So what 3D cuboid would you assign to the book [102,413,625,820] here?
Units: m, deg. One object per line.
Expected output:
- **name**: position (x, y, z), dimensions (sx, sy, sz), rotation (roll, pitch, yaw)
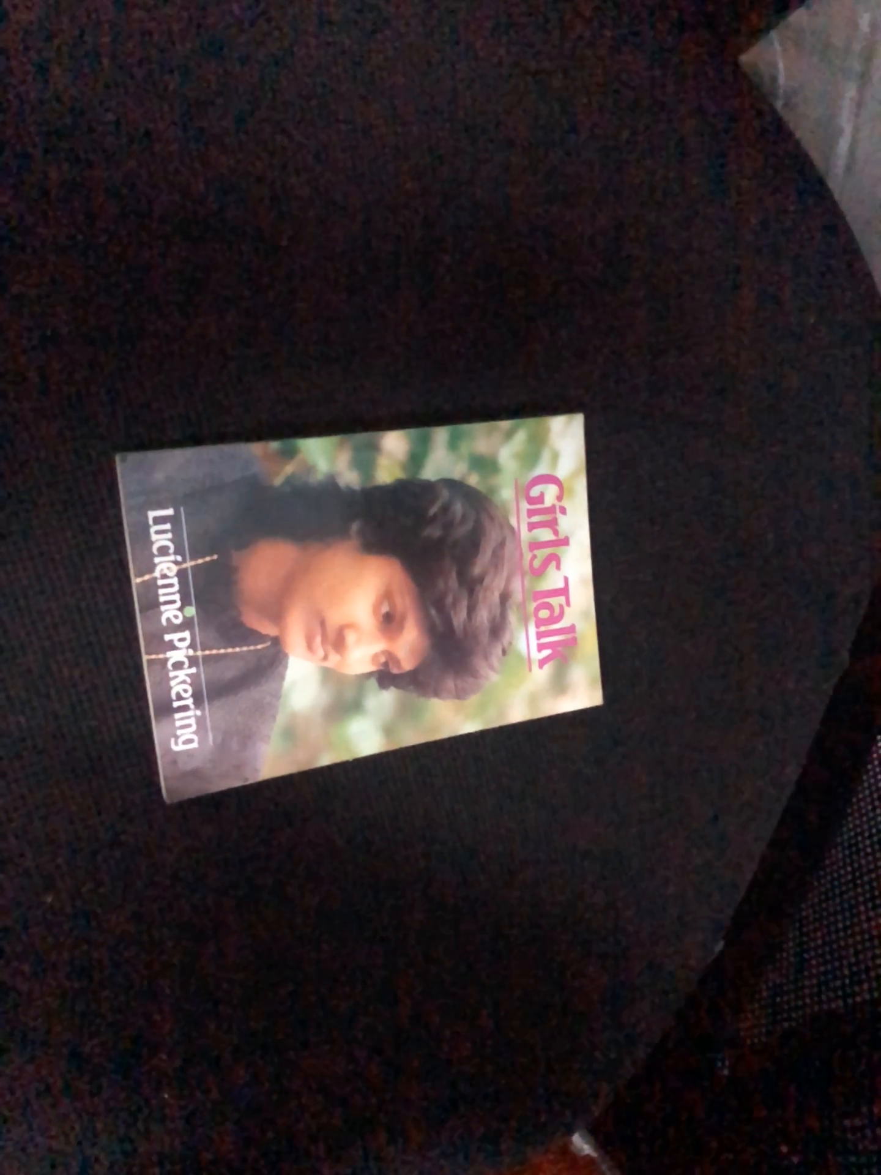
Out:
- **book**: position (-0.018, 0.004, 0.381), dimensions (0.201, 0.010, 0.130), rotation (-8, 100, -23)
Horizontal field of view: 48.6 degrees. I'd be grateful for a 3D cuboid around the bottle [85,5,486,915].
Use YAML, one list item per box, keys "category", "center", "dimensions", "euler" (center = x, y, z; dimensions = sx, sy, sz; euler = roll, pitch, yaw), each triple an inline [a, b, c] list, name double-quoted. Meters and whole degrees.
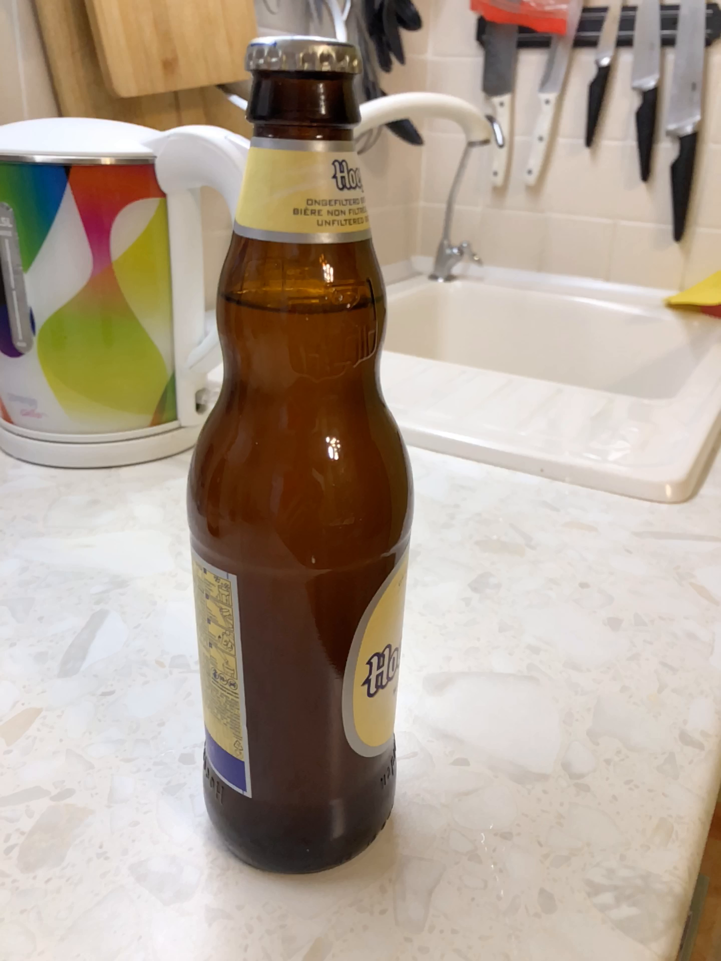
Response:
- category: "bottle"
  center: [-0.023, 0.007, 0.240]
  dimensions: [0.080, 0.248, 0.070]
  euler: [-2, 24, -10]
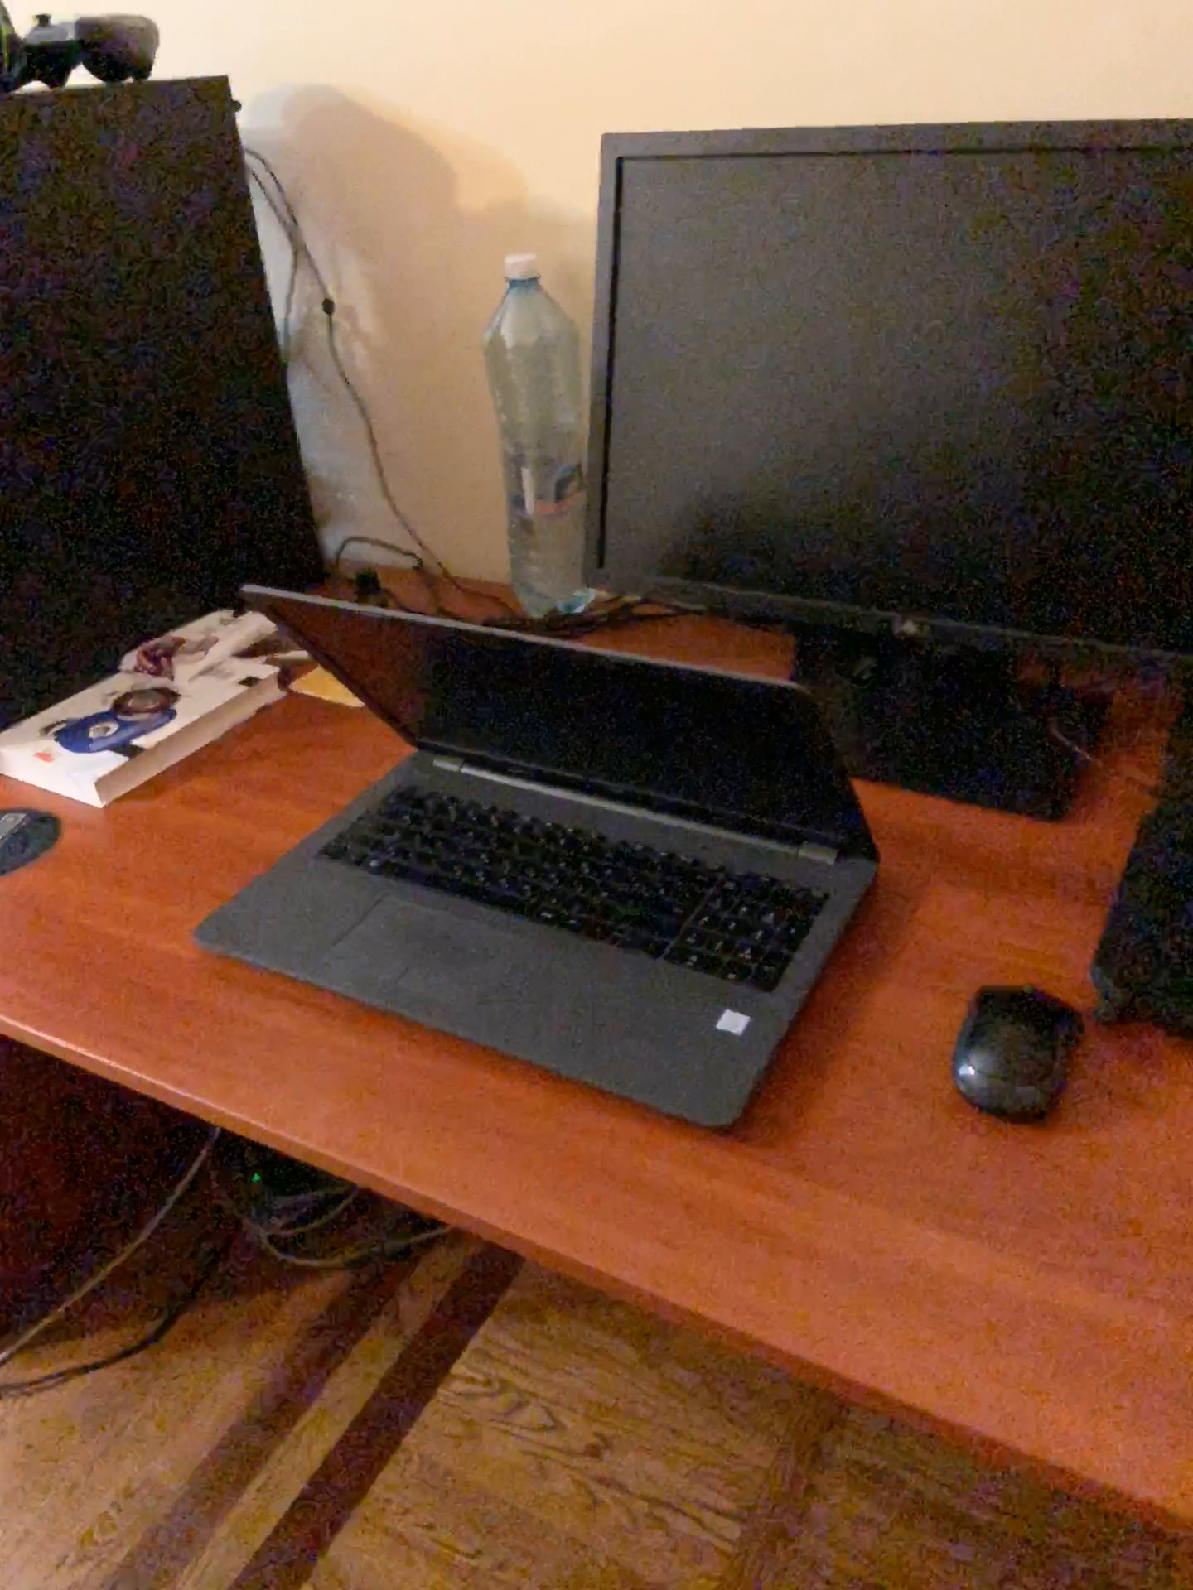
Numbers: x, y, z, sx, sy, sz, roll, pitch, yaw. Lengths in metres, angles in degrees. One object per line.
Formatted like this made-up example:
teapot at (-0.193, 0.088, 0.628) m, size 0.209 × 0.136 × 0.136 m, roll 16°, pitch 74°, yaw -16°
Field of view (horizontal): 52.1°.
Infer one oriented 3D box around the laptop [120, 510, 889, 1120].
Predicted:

Work order:
Everything from the line that contains "- **name**: position" to the final line of the data is to be duplicated exactly, both ends included, except the pictures.

Output below:
- **name**: position (x, y, z), dimensions (sx, sy, sz), rotation (roll, pitch, yaw)
Out:
- **book**: position (-0.018, 0.004, 0.381), dimensions (0.201, 0.010, 0.130), rotation (-8, 100, -23)
Horizontal field of view: 48.6 degrees. I'd be grateful for a 3D cuboid around the bottle [85,5,486,915].
Use YAML, one list item per box, keys "category", "center", "dimensions", "euler" (center = x, y, z; dimensions = sx, sy, sz; euler = roll, pitch, yaw), each triple an inline [a, b, c] list, name double-quoted. Meters and whole degrees.
Response:
- category: "bottle"
  center: [-0.023, 0.007, 0.240]
  dimensions: [0.080, 0.248, 0.070]
  euler: [-2, 24, -10]
Numbers: x, y, z, sx, sy, sz, roll, pitch, yaw. Lengths in metres, angles in degrees. One object per line.
Formatted like this made-up example:
teapot at (-0.193, 0.088, 0.628) m, size 0.209 × 0.136 × 0.136 m, roll 16°, pitch 74°, yaw -16°
Field of view (horizontal): 52.1°.
Infer one oriented 3D box around the laptop [120, 510, 889, 1120].
Predicted:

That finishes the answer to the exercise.